Dr. Heather Berlin shares her thoughts on where the future development of general artificial intelligence is heading, and both Bernie and Heather express their skepticism that humanity will be able to create conscious machines. They go on to explain that while our understanding of consciousness is yet incomplete, the biological components that it consists of appear to be fundamental building blocks.
Here is a brief excerpt from the episode:
Ilian Daskalov:
Where do you think we are going with the development of AI? Would we ever be able to create artificial general intelligence?
Heather Berlin:
So I think there’s a number of camps about whether these sort of AI systems will ever be conscious depending on the theory of consciousness that you abide by or where there’s the most evidence.
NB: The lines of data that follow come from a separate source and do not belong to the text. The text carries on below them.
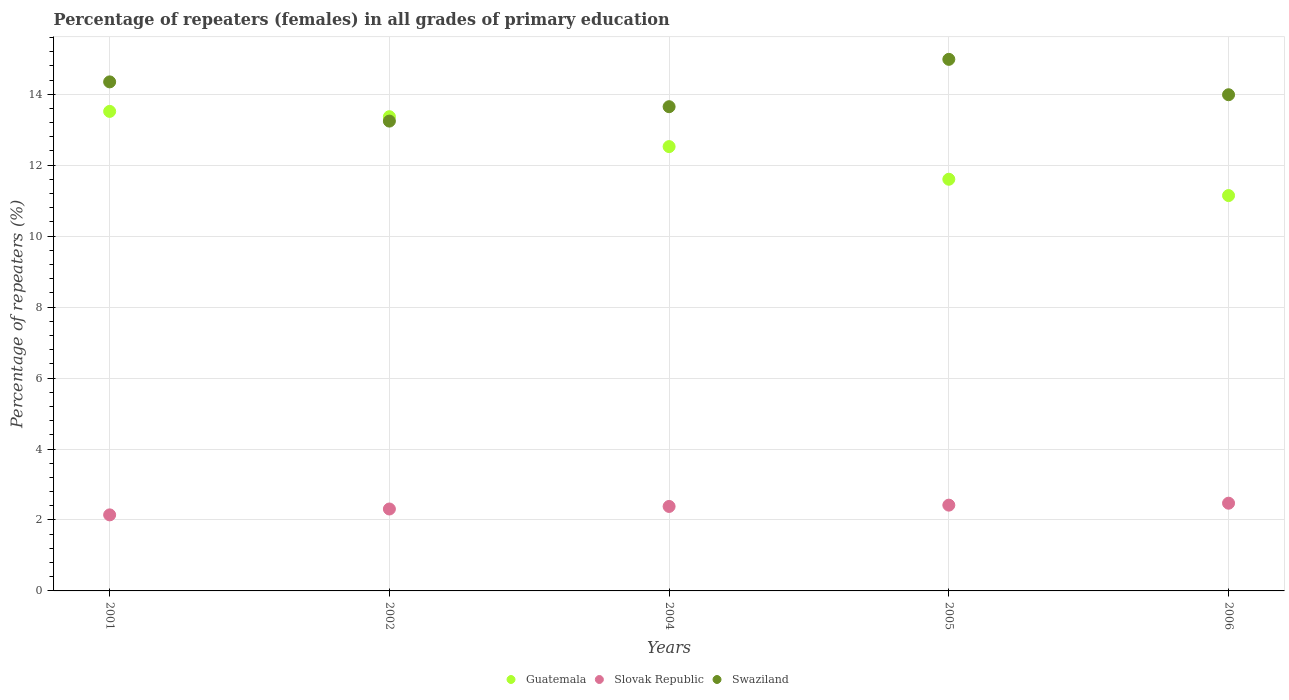How many different coloured dotlines are there?
Your answer should be very brief. 3. Is the number of dotlines equal to the number of legend labels?
Give a very brief answer. Yes. What is the percentage of repeaters (females) in Slovak Republic in 2004?
Provide a short and direct response. 2.38. Across all years, what is the maximum percentage of repeaters (females) in Swaziland?
Ensure brevity in your answer.  14.98. Across all years, what is the minimum percentage of repeaters (females) in Swaziland?
Provide a succinct answer. 13.24. In which year was the percentage of repeaters (females) in Guatemala maximum?
Offer a very short reply. 2001. In which year was the percentage of repeaters (females) in Guatemala minimum?
Make the answer very short. 2006. What is the total percentage of repeaters (females) in Swaziland in the graph?
Give a very brief answer. 70.21. What is the difference between the percentage of repeaters (females) in Swaziland in 2001 and that in 2006?
Offer a very short reply. 0.36. What is the difference between the percentage of repeaters (females) in Swaziland in 2006 and the percentage of repeaters (females) in Guatemala in 2002?
Ensure brevity in your answer.  0.62. What is the average percentage of repeaters (females) in Swaziland per year?
Give a very brief answer. 14.04. In the year 2004, what is the difference between the percentage of repeaters (females) in Swaziland and percentage of repeaters (females) in Slovak Republic?
Offer a terse response. 11.27. In how many years, is the percentage of repeaters (females) in Swaziland greater than 6.4 %?
Make the answer very short. 5. What is the ratio of the percentage of repeaters (females) in Slovak Republic in 2002 to that in 2005?
Give a very brief answer. 0.96. Is the percentage of repeaters (females) in Swaziland in 2002 less than that in 2006?
Your answer should be compact. Yes. What is the difference between the highest and the second highest percentage of repeaters (females) in Slovak Republic?
Provide a short and direct response. 0.05. What is the difference between the highest and the lowest percentage of repeaters (females) in Swaziland?
Offer a terse response. 1.74. In how many years, is the percentage of repeaters (females) in Guatemala greater than the average percentage of repeaters (females) in Guatemala taken over all years?
Offer a very short reply. 3. Is the sum of the percentage of repeaters (females) in Slovak Republic in 2001 and 2004 greater than the maximum percentage of repeaters (females) in Guatemala across all years?
Your answer should be very brief. No. Is the percentage of repeaters (females) in Swaziland strictly less than the percentage of repeaters (females) in Guatemala over the years?
Offer a terse response. No. How many dotlines are there?
Offer a very short reply. 3. How many years are there in the graph?
Provide a short and direct response. 5. What is the difference between two consecutive major ticks on the Y-axis?
Offer a terse response. 2. Does the graph contain any zero values?
Offer a terse response. No. Does the graph contain grids?
Offer a terse response. Yes. What is the title of the graph?
Offer a terse response. Percentage of repeaters (females) in all grades of primary education. What is the label or title of the X-axis?
Give a very brief answer. Years. What is the label or title of the Y-axis?
Offer a terse response. Percentage of repeaters (%). What is the Percentage of repeaters (%) in Guatemala in 2001?
Keep it short and to the point. 13.52. What is the Percentage of repeaters (%) of Slovak Republic in 2001?
Keep it short and to the point. 2.14. What is the Percentage of repeaters (%) in Swaziland in 2001?
Your answer should be very brief. 14.35. What is the Percentage of repeaters (%) of Guatemala in 2002?
Make the answer very short. 13.37. What is the Percentage of repeaters (%) of Slovak Republic in 2002?
Your answer should be compact. 2.31. What is the Percentage of repeaters (%) in Swaziland in 2002?
Offer a very short reply. 13.24. What is the Percentage of repeaters (%) of Guatemala in 2004?
Make the answer very short. 12.52. What is the Percentage of repeaters (%) of Slovak Republic in 2004?
Give a very brief answer. 2.38. What is the Percentage of repeaters (%) of Swaziland in 2004?
Offer a very short reply. 13.65. What is the Percentage of repeaters (%) in Guatemala in 2005?
Make the answer very short. 11.6. What is the Percentage of repeaters (%) in Slovak Republic in 2005?
Provide a short and direct response. 2.42. What is the Percentage of repeaters (%) of Swaziland in 2005?
Keep it short and to the point. 14.98. What is the Percentage of repeaters (%) of Guatemala in 2006?
Make the answer very short. 11.14. What is the Percentage of repeaters (%) of Slovak Republic in 2006?
Keep it short and to the point. 2.47. What is the Percentage of repeaters (%) of Swaziland in 2006?
Give a very brief answer. 13.99. Across all years, what is the maximum Percentage of repeaters (%) of Guatemala?
Your answer should be compact. 13.52. Across all years, what is the maximum Percentage of repeaters (%) of Slovak Republic?
Give a very brief answer. 2.47. Across all years, what is the maximum Percentage of repeaters (%) in Swaziland?
Your answer should be very brief. 14.98. Across all years, what is the minimum Percentage of repeaters (%) of Guatemala?
Your answer should be very brief. 11.14. Across all years, what is the minimum Percentage of repeaters (%) of Slovak Republic?
Offer a very short reply. 2.14. Across all years, what is the minimum Percentage of repeaters (%) of Swaziland?
Your response must be concise. 13.24. What is the total Percentage of repeaters (%) of Guatemala in the graph?
Your answer should be very brief. 62.15. What is the total Percentage of repeaters (%) of Slovak Republic in the graph?
Give a very brief answer. 11.72. What is the total Percentage of repeaters (%) of Swaziland in the graph?
Your response must be concise. 70.21. What is the difference between the Percentage of repeaters (%) in Guatemala in 2001 and that in 2002?
Offer a very short reply. 0.15. What is the difference between the Percentage of repeaters (%) in Slovak Republic in 2001 and that in 2002?
Provide a succinct answer. -0.17. What is the difference between the Percentage of repeaters (%) of Swaziland in 2001 and that in 2002?
Keep it short and to the point. 1.11. What is the difference between the Percentage of repeaters (%) of Guatemala in 2001 and that in 2004?
Your response must be concise. 0.99. What is the difference between the Percentage of repeaters (%) of Slovak Republic in 2001 and that in 2004?
Your answer should be very brief. -0.24. What is the difference between the Percentage of repeaters (%) of Swaziland in 2001 and that in 2004?
Provide a short and direct response. 0.7. What is the difference between the Percentage of repeaters (%) in Guatemala in 2001 and that in 2005?
Offer a terse response. 1.91. What is the difference between the Percentage of repeaters (%) in Slovak Republic in 2001 and that in 2005?
Provide a succinct answer. -0.27. What is the difference between the Percentage of repeaters (%) in Swaziland in 2001 and that in 2005?
Your answer should be compact. -0.63. What is the difference between the Percentage of repeaters (%) in Guatemala in 2001 and that in 2006?
Your answer should be very brief. 2.37. What is the difference between the Percentage of repeaters (%) in Slovak Republic in 2001 and that in 2006?
Offer a terse response. -0.33. What is the difference between the Percentage of repeaters (%) in Swaziland in 2001 and that in 2006?
Your answer should be very brief. 0.36. What is the difference between the Percentage of repeaters (%) of Guatemala in 2002 and that in 2004?
Your response must be concise. 0.84. What is the difference between the Percentage of repeaters (%) of Slovak Republic in 2002 and that in 2004?
Offer a terse response. -0.07. What is the difference between the Percentage of repeaters (%) of Swaziland in 2002 and that in 2004?
Make the answer very short. -0.41. What is the difference between the Percentage of repeaters (%) of Guatemala in 2002 and that in 2005?
Offer a very short reply. 1.76. What is the difference between the Percentage of repeaters (%) of Slovak Republic in 2002 and that in 2005?
Offer a terse response. -0.11. What is the difference between the Percentage of repeaters (%) in Swaziland in 2002 and that in 2005?
Offer a very short reply. -1.74. What is the difference between the Percentage of repeaters (%) of Guatemala in 2002 and that in 2006?
Give a very brief answer. 2.22. What is the difference between the Percentage of repeaters (%) in Slovak Republic in 2002 and that in 2006?
Your answer should be very brief. -0.16. What is the difference between the Percentage of repeaters (%) of Swaziland in 2002 and that in 2006?
Provide a short and direct response. -0.74. What is the difference between the Percentage of repeaters (%) of Guatemala in 2004 and that in 2005?
Keep it short and to the point. 0.92. What is the difference between the Percentage of repeaters (%) in Slovak Republic in 2004 and that in 2005?
Ensure brevity in your answer.  -0.04. What is the difference between the Percentage of repeaters (%) of Swaziland in 2004 and that in 2005?
Give a very brief answer. -1.33. What is the difference between the Percentage of repeaters (%) in Guatemala in 2004 and that in 2006?
Ensure brevity in your answer.  1.38. What is the difference between the Percentage of repeaters (%) of Slovak Republic in 2004 and that in 2006?
Provide a short and direct response. -0.09. What is the difference between the Percentage of repeaters (%) in Swaziland in 2004 and that in 2006?
Make the answer very short. -0.34. What is the difference between the Percentage of repeaters (%) of Guatemala in 2005 and that in 2006?
Ensure brevity in your answer.  0.46. What is the difference between the Percentage of repeaters (%) of Slovak Republic in 2005 and that in 2006?
Your response must be concise. -0.05. What is the difference between the Percentage of repeaters (%) in Guatemala in 2001 and the Percentage of repeaters (%) in Slovak Republic in 2002?
Keep it short and to the point. 11.21. What is the difference between the Percentage of repeaters (%) of Guatemala in 2001 and the Percentage of repeaters (%) of Swaziland in 2002?
Offer a very short reply. 0.27. What is the difference between the Percentage of repeaters (%) in Slovak Republic in 2001 and the Percentage of repeaters (%) in Swaziland in 2002?
Make the answer very short. -11.1. What is the difference between the Percentage of repeaters (%) in Guatemala in 2001 and the Percentage of repeaters (%) in Slovak Republic in 2004?
Your response must be concise. 11.14. What is the difference between the Percentage of repeaters (%) in Guatemala in 2001 and the Percentage of repeaters (%) in Swaziland in 2004?
Offer a very short reply. -0.13. What is the difference between the Percentage of repeaters (%) in Slovak Republic in 2001 and the Percentage of repeaters (%) in Swaziland in 2004?
Ensure brevity in your answer.  -11.51. What is the difference between the Percentage of repeaters (%) in Guatemala in 2001 and the Percentage of repeaters (%) in Slovak Republic in 2005?
Give a very brief answer. 11.1. What is the difference between the Percentage of repeaters (%) of Guatemala in 2001 and the Percentage of repeaters (%) of Swaziland in 2005?
Provide a short and direct response. -1.47. What is the difference between the Percentage of repeaters (%) of Slovak Republic in 2001 and the Percentage of repeaters (%) of Swaziland in 2005?
Your answer should be compact. -12.84. What is the difference between the Percentage of repeaters (%) of Guatemala in 2001 and the Percentage of repeaters (%) of Slovak Republic in 2006?
Make the answer very short. 11.04. What is the difference between the Percentage of repeaters (%) of Guatemala in 2001 and the Percentage of repeaters (%) of Swaziland in 2006?
Offer a very short reply. -0.47. What is the difference between the Percentage of repeaters (%) of Slovak Republic in 2001 and the Percentage of repeaters (%) of Swaziland in 2006?
Provide a short and direct response. -11.84. What is the difference between the Percentage of repeaters (%) in Guatemala in 2002 and the Percentage of repeaters (%) in Slovak Republic in 2004?
Provide a succinct answer. 10.99. What is the difference between the Percentage of repeaters (%) in Guatemala in 2002 and the Percentage of repeaters (%) in Swaziland in 2004?
Provide a succinct answer. -0.28. What is the difference between the Percentage of repeaters (%) in Slovak Republic in 2002 and the Percentage of repeaters (%) in Swaziland in 2004?
Provide a short and direct response. -11.34. What is the difference between the Percentage of repeaters (%) in Guatemala in 2002 and the Percentage of repeaters (%) in Slovak Republic in 2005?
Offer a very short reply. 10.95. What is the difference between the Percentage of repeaters (%) of Guatemala in 2002 and the Percentage of repeaters (%) of Swaziland in 2005?
Make the answer very short. -1.62. What is the difference between the Percentage of repeaters (%) of Slovak Republic in 2002 and the Percentage of repeaters (%) of Swaziland in 2005?
Make the answer very short. -12.67. What is the difference between the Percentage of repeaters (%) in Guatemala in 2002 and the Percentage of repeaters (%) in Slovak Republic in 2006?
Your answer should be compact. 10.89. What is the difference between the Percentage of repeaters (%) in Guatemala in 2002 and the Percentage of repeaters (%) in Swaziland in 2006?
Ensure brevity in your answer.  -0.62. What is the difference between the Percentage of repeaters (%) in Slovak Republic in 2002 and the Percentage of repeaters (%) in Swaziland in 2006?
Your response must be concise. -11.68. What is the difference between the Percentage of repeaters (%) of Guatemala in 2004 and the Percentage of repeaters (%) of Slovak Republic in 2005?
Provide a short and direct response. 10.11. What is the difference between the Percentage of repeaters (%) of Guatemala in 2004 and the Percentage of repeaters (%) of Swaziland in 2005?
Your response must be concise. -2.46. What is the difference between the Percentage of repeaters (%) in Slovak Republic in 2004 and the Percentage of repeaters (%) in Swaziland in 2005?
Provide a short and direct response. -12.6. What is the difference between the Percentage of repeaters (%) in Guatemala in 2004 and the Percentage of repeaters (%) in Slovak Republic in 2006?
Give a very brief answer. 10.05. What is the difference between the Percentage of repeaters (%) of Guatemala in 2004 and the Percentage of repeaters (%) of Swaziland in 2006?
Provide a short and direct response. -1.46. What is the difference between the Percentage of repeaters (%) in Slovak Republic in 2004 and the Percentage of repeaters (%) in Swaziland in 2006?
Provide a short and direct response. -11.6. What is the difference between the Percentage of repeaters (%) of Guatemala in 2005 and the Percentage of repeaters (%) of Slovak Republic in 2006?
Keep it short and to the point. 9.13. What is the difference between the Percentage of repeaters (%) in Guatemala in 2005 and the Percentage of repeaters (%) in Swaziland in 2006?
Provide a short and direct response. -2.38. What is the difference between the Percentage of repeaters (%) of Slovak Republic in 2005 and the Percentage of repeaters (%) of Swaziland in 2006?
Provide a succinct answer. -11.57. What is the average Percentage of repeaters (%) of Guatemala per year?
Provide a succinct answer. 12.43. What is the average Percentage of repeaters (%) of Slovak Republic per year?
Offer a very short reply. 2.34. What is the average Percentage of repeaters (%) in Swaziland per year?
Make the answer very short. 14.04. In the year 2001, what is the difference between the Percentage of repeaters (%) in Guatemala and Percentage of repeaters (%) in Slovak Republic?
Provide a short and direct response. 11.37. In the year 2001, what is the difference between the Percentage of repeaters (%) of Guatemala and Percentage of repeaters (%) of Swaziland?
Offer a very short reply. -0.83. In the year 2001, what is the difference between the Percentage of repeaters (%) in Slovak Republic and Percentage of repeaters (%) in Swaziland?
Offer a terse response. -12.2. In the year 2002, what is the difference between the Percentage of repeaters (%) in Guatemala and Percentage of repeaters (%) in Slovak Republic?
Provide a succinct answer. 11.06. In the year 2002, what is the difference between the Percentage of repeaters (%) of Guatemala and Percentage of repeaters (%) of Swaziland?
Your response must be concise. 0.12. In the year 2002, what is the difference between the Percentage of repeaters (%) of Slovak Republic and Percentage of repeaters (%) of Swaziland?
Your answer should be compact. -10.93. In the year 2004, what is the difference between the Percentage of repeaters (%) of Guatemala and Percentage of repeaters (%) of Slovak Republic?
Give a very brief answer. 10.14. In the year 2004, what is the difference between the Percentage of repeaters (%) in Guatemala and Percentage of repeaters (%) in Swaziland?
Provide a succinct answer. -1.12. In the year 2004, what is the difference between the Percentage of repeaters (%) in Slovak Republic and Percentage of repeaters (%) in Swaziland?
Keep it short and to the point. -11.27. In the year 2005, what is the difference between the Percentage of repeaters (%) in Guatemala and Percentage of repeaters (%) in Slovak Republic?
Provide a succinct answer. 9.19. In the year 2005, what is the difference between the Percentage of repeaters (%) in Guatemala and Percentage of repeaters (%) in Swaziland?
Keep it short and to the point. -3.38. In the year 2005, what is the difference between the Percentage of repeaters (%) of Slovak Republic and Percentage of repeaters (%) of Swaziland?
Ensure brevity in your answer.  -12.57. In the year 2006, what is the difference between the Percentage of repeaters (%) of Guatemala and Percentage of repeaters (%) of Slovak Republic?
Your response must be concise. 8.67. In the year 2006, what is the difference between the Percentage of repeaters (%) of Guatemala and Percentage of repeaters (%) of Swaziland?
Keep it short and to the point. -2.84. In the year 2006, what is the difference between the Percentage of repeaters (%) in Slovak Republic and Percentage of repeaters (%) in Swaziland?
Make the answer very short. -11.51. What is the ratio of the Percentage of repeaters (%) of Guatemala in 2001 to that in 2002?
Your answer should be compact. 1.01. What is the ratio of the Percentage of repeaters (%) of Slovak Republic in 2001 to that in 2002?
Offer a very short reply. 0.93. What is the ratio of the Percentage of repeaters (%) in Swaziland in 2001 to that in 2002?
Keep it short and to the point. 1.08. What is the ratio of the Percentage of repeaters (%) of Guatemala in 2001 to that in 2004?
Give a very brief answer. 1.08. What is the ratio of the Percentage of repeaters (%) of Slovak Republic in 2001 to that in 2004?
Make the answer very short. 0.9. What is the ratio of the Percentage of repeaters (%) in Swaziland in 2001 to that in 2004?
Your answer should be very brief. 1.05. What is the ratio of the Percentage of repeaters (%) in Guatemala in 2001 to that in 2005?
Keep it short and to the point. 1.16. What is the ratio of the Percentage of repeaters (%) in Slovak Republic in 2001 to that in 2005?
Keep it short and to the point. 0.89. What is the ratio of the Percentage of repeaters (%) of Swaziland in 2001 to that in 2005?
Keep it short and to the point. 0.96. What is the ratio of the Percentage of repeaters (%) of Guatemala in 2001 to that in 2006?
Provide a succinct answer. 1.21. What is the ratio of the Percentage of repeaters (%) in Slovak Republic in 2001 to that in 2006?
Your response must be concise. 0.87. What is the ratio of the Percentage of repeaters (%) of Swaziland in 2001 to that in 2006?
Your answer should be very brief. 1.03. What is the ratio of the Percentage of repeaters (%) of Guatemala in 2002 to that in 2004?
Give a very brief answer. 1.07. What is the ratio of the Percentage of repeaters (%) of Slovak Republic in 2002 to that in 2004?
Give a very brief answer. 0.97. What is the ratio of the Percentage of repeaters (%) in Swaziland in 2002 to that in 2004?
Your answer should be very brief. 0.97. What is the ratio of the Percentage of repeaters (%) in Guatemala in 2002 to that in 2005?
Provide a short and direct response. 1.15. What is the ratio of the Percentage of repeaters (%) of Slovak Republic in 2002 to that in 2005?
Give a very brief answer. 0.96. What is the ratio of the Percentage of repeaters (%) in Swaziland in 2002 to that in 2005?
Keep it short and to the point. 0.88. What is the ratio of the Percentage of repeaters (%) in Guatemala in 2002 to that in 2006?
Ensure brevity in your answer.  1.2. What is the ratio of the Percentage of repeaters (%) of Slovak Republic in 2002 to that in 2006?
Make the answer very short. 0.93. What is the ratio of the Percentage of repeaters (%) in Swaziland in 2002 to that in 2006?
Your answer should be very brief. 0.95. What is the ratio of the Percentage of repeaters (%) in Guatemala in 2004 to that in 2005?
Provide a short and direct response. 1.08. What is the ratio of the Percentage of repeaters (%) of Slovak Republic in 2004 to that in 2005?
Your answer should be very brief. 0.98. What is the ratio of the Percentage of repeaters (%) in Swaziland in 2004 to that in 2005?
Make the answer very short. 0.91. What is the ratio of the Percentage of repeaters (%) in Guatemala in 2004 to that in 2006?
Ensure brevity in your answer.  1.12. What is the ratio of the Percentage of repeaters (%) in Slovak Republic in 2004 to that in 2006?
Make the answer very short. 0.96. What is the ratio of the Percentage of repeaters (%) of Swaziland in 2004 to that in 2006?
Make the answer very short. 0.98. What is the ratio of the Percentage of repeaters (%) in Guatemala in 2005 to that in 2006?
Your response must be concise. 1.04. What is the ratio of the Percentage of repeaters (%) of Slovak Republic in 2005 to that in 2006?
Your answer should be compact. 0.98. What is the ratio of the Percentage of repeaters (%) in Swaziland in 2005 to that in 2006?
Offer a terse response. 1.07. What is the difference between the highest and the second highest Percentage of repeaters (%) of Guatemala?
Provide a short and direct response. 0.15. What is the difference between the highest and the second highest Percentage of repeaters (%) in Slovak Republic?
Provide a short and direct response. 0.05. What is the difference between the highest and the second highest Percentage of repeaters (%) of Swaziland?
Provide a succinct answer. 0.63. What is the difference between the highest and the lowest Percentage of repeaters (%) of Guatemala?
Your response must be concise. 2.37. What is the difference between the highest and the lowest Percentage of repeaters (%) in Slovak Republic?
Give a very brief answer. 0.33. What is the difference between the highest and the lowest Percentage of repeaters (%) of Swaziland?
Your response must be concise. 1.74.

But if, for example, a number of them, including Global Workspace Theory, and maybe Bernie can correct me if I’m wrong and I see… It just seems like there’s something about the physical substrate that you need that I don’t think that if it was a software program that you would necessarily get general AI, it’s like simulating, whether it’s not going to actually be wet, but then you actually need to build a physical structure. It doesn’t necessarily have to be out of biological substances. It could be out of silicon, but you need some sort of neuromorphic computer that has the same kind of functional connections that we have in our brain.
But I just don’t think that you would ever get it from like a software program. And even in a non-biological system that you build, I’m still skeptical that consciousness, it can be, it is like sort of substrate independent. Like it can be re-instantiated at any system, as long as it has the right kind of functional connections. I just feel like, and I have no evidence to support this, but I feel like there’s something about the biological matter that it evolves within a human species over time in a body, you know. But I could be wrong. That’s just sort of feeling I have, but if it was going to happen, I think it would be in some sort of actually building like a neuromorphic computer that can potentially have subjective states.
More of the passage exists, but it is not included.